WristMimic : contrôle corps entier de l'humanoïde par manipulation guidée au poignet

Publié en juillet 2026 sur arXiv, WristMimic est un framework de contrôle corps entier pour robots humanoïdes qui transfère des démonstrations humaines de manipulation vers une simulation physique. Plutôt que de suivre intégralement la pose de la main, la méthode sépare le corps et le poignet, guidés cinématiquement, des doigts, qui apprennent leurs gestes de préhension à partir du suivi de l'objet et du résultat des contacts. Le poignet sert de charnière entre les deux régimes : peu soumis aux forces de contact, il reste suivable fidèlement tout en plaçant la main dans une configuration de prise atteignable. Des contraintes de réinitialisation et une priorisation des récompenses au poignet fiabilisent ce positionnement ; les auteurs annoncent des performances égales ou supérieures aux méthodes à supervision complète des doigts, avec un retargeting indépendant de la morphologie de la main. Le problème ciblé est connu en contrôle humanoïde : une trajectoire de main en position seule ne renseigne pas les forces de contact nécessaires à une prise réussie, et imposer un suivi complet des doigts tend à surcontraindre des comportements qui doivent rester riches en contacts, ce qui fragilise la manipulation fine. En découplant mouvement libre et manipulation, WristMimic s'inscrit dans la recherche sur l'imitation à grande échelle pour l'IA incarnée, sans dépendre d'une capture de main parfaite.
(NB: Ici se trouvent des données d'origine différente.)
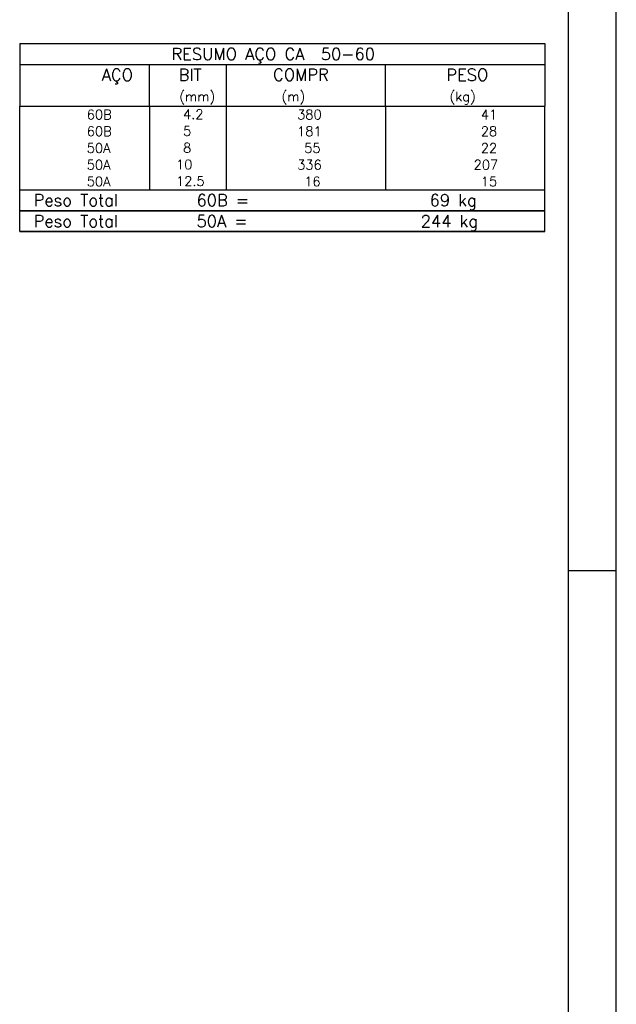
# Model space of a CAD drawing. Extents: x 0 to 119, y 0 to 84.
# Tile 6 of 10: x 106 to 119, y 21 to 41. Entities that reach past the tile are written whole.
import ezdxf

# ---------------------------------------------------------------- set-up
doc = ezdxf.new("R2010")
doc.units = 0
for name, color, linetype in [('1', 1, 'CONTINUOUS'), ('2', 2, 'CONTINUOUS'), ('8', 8, 'CONTINUOUS')]:
    doc.layers.add(name, color=color, linetype=linetype)
doc.styles.get("Standard").update_dxf_attribs({"font": 'ROMANS.SHX'})

msp = doc.modelspace()

# ---------------------------------------------------------------- linework, layer by layer
at = {"layer": '1', "linetype": 'CONTINUOUS'}
for p, q in [((118.900002, 0), (118.900002, 84.099998)), ((117.900002, 29.700001), (118.900002, 29.700001))]:
    msp.add_line(p, q, dxfattribs=at)
at = {"layer": '2', "linetype": 'CONTINUOUS'}
for p, q in [((106.4, 40.737516), (106.4, 39.425016)), ((106.4, 40.737516), (117.4, 40.737516)), ((117.4, 40.737516), (117.4, 39.425016)), ((106.4, 40.300016), (117.4, 40.300016)), ((109.12, 39.425016), (109.12, 40.300016)), ((110.73, 39.425016), (110.73, 40.300016)), ((114.065, 39.425016), (114.065, 40.300016)), ((106.4, 39.425016), (117.4, 39.425016)), ((106.4, 39.075015), (106.4, 39.425016)), ((109.12, 39.425016), (109.12, 39.075016)), ((110.73, 39.075015), (110.73, 39.425016)), ((114.065, 39.425016), (114.065, 39.075015)), ((117.4, 39.075015), (117.4, 39.425016)), ((106.4, 38.725015), (106.4, 39.075015)), ((109.12, 39.075015), (109.12, 38.725016)), ((110.73, 38.725015), (110.73, 39.075015)), ((114.065, 39.075015), (114.065, 38.725015)), ((117.4, 38.725015), (117.4, 39.075015)), ((106.4, 38.375015), (106.4, 38.725015)), ((109.12, 38.725015), (109.12, 38.375015)), ((110.73, 38.375015), (110.73, 38.725015)), ((114.065, 38.725015), (114.065, 38.375015)), ((117.4, 38.375015), (117.4, 38.725015)), ((106.4, 38.025014), (106.4, 38.375015)), ((109.12, 38.375015), (109.12, 38.025015)), ((110.73, 38.025014), (110.73, 38.375015)), ((114.065, 38.375015), (114.065, 38.025014)), ((117.4, 38.025014), (117.4, 38.375015)), ((106.4, 37.675014), (106.4, 38.025014)), ((109.12, 38.025014), (109.12, 37.675014)), ((110.73, 37.675014), (110.73, 38.025014)), ((114.065, 38.025014), (114.065, 37.675014)), ((117.4, 37.675014), (117.4, 38.025014)), ((106.4, 37.675014), (117.4, 37.675014)), ((106.4, 37.237514), (106.4, 37.675014)), ((106.4, 37.675014), (117.4, 37.675014)), ((117.4, 37.237514), (117.4, 37.675014)), ((117.4, 37.237514), (106.4, 37.237514)), ((106.4, 36.800014), (106.4, 37.237514)), ((106.4, 37.237514), (117.4, 37.237514)), ((117.4, 36.800014), (117.4, 37.237514)), ((117.4, 36.800014), (106.4, 36.800014)), ((106.4, 36.800014), (117.4, 36.800014))]:
    msp.add_line(p, q, dxfattribs=at)
at = {"layer": '8', "linetype": 'CONTINUOUS'}
msp.add_line((117.900002, 1), (117.900002, 83.099998), dxfattribs=at)

# ---------------------------------------------------------------- texts
at = {"layer": '2', "linetype": 'CONTINUOUS'}
for s, height, p in [('RESUMO AÇO CA  50-60', 0.25, (109.580497, 40.393766)), ('AÇO', 0.25, (108.11958, 39.956266)), ('COMPR', 0.25, (111.708841, 39.959867)), ('PESO', 0.25, (115.33784, 39.959867)), ('BIT', 0.25, (109.73, 39.956266)), ('(mm)', 0.2, (109.743861, 39.528766)), ('(m)', 0.2, (111.886146, 39.528766)), ('(kg)', 0.2, (115.406442, 39.528766)), ('     60B', 0.2, (107.059661, 39.150016)), ('    4.2', 0.2, (109.226542, 39.15606)), ('     380', 0.2, (111.467658, 39.150016)), ('     41', 0.2, (115.315265, 39.150016)), ('     60B', 0.2, (107.059661, 38.800015)), ('    5  ', 0.2, (109.226542, 38.806059)), ('     181', 0.2, (111.467658, 38.800016)), ('     28', 0.2, (115.315265, 38.800016)), ('     50A', 0.2, (107.059661, 38.450015)), ('    8  ', 0.2, (109.226542, 38.456059)), ('      55', 0.2, (111.467658, 38.450015)), ('     22', 0.2, (115.315265, 38.450015)), ('     50A', 0.2, (107.059661, 38.100015)), ('   10  ', 0.2, (109.226542, 38.106059)), ('     336', 0.2, (111.467658, 38.100015)), ('    207', 0.2, (115.315265, 38.100015)), ('     50A', 0.2, (107.059661, 37.750014)), ('   12.5', 0.2, (109.226542, 37.756058)), ('      16', 0.2, (111.467658, 37.750015)), ('     15', 0.2, (115.315265, 37.750015)), ('Peso Total        60B =', 0.25, (106.692829, 37.331264)), ('     69 kg', 0.25, (114.057004, 37.331264)), ('Peso Total        50A =', 0.25, (106.692829, 36.893764)), ('    244 kg', 0.25, (114.057004, 36.893764))]:
    msp.add_text(s, height=height, dxfattribs=at).set_placement(p)

doc.saveas('drawing.dxf')

Pour l'industrie, l'argument concret est qu'une approche agnostique à la morphologie de la main pourrait réduire le travail d'adaptation quand un intégrateur change de main dextérisée, un problème récurrent tant les architectures varient d'un fabricant humanoïde à l'autre. Ce travail s'inscrit dans la lignée des méthodes de contrôle guidé par la cinématique humaine pour humanoïdes, qui cherchent depuis deux ans à rapprocher téléopération et apprentissage par renforcement. L'abstract ne mentionne aucun déploiement sur robot réel ni partenariat industriel : il s'agit pour l'instant d'une validation en simulation, une contribution de recherche plutôt qu'un produit. Les suites logiques seraient une validation sur plateforme humanoïde physique et une comparaison avec les pipelines de téléopération des acteurs du secteur, qu'il s'agisse des humanoïdes commerciaux ou des modèles VLA généralistes comme Pi-0 ou GR00T N2.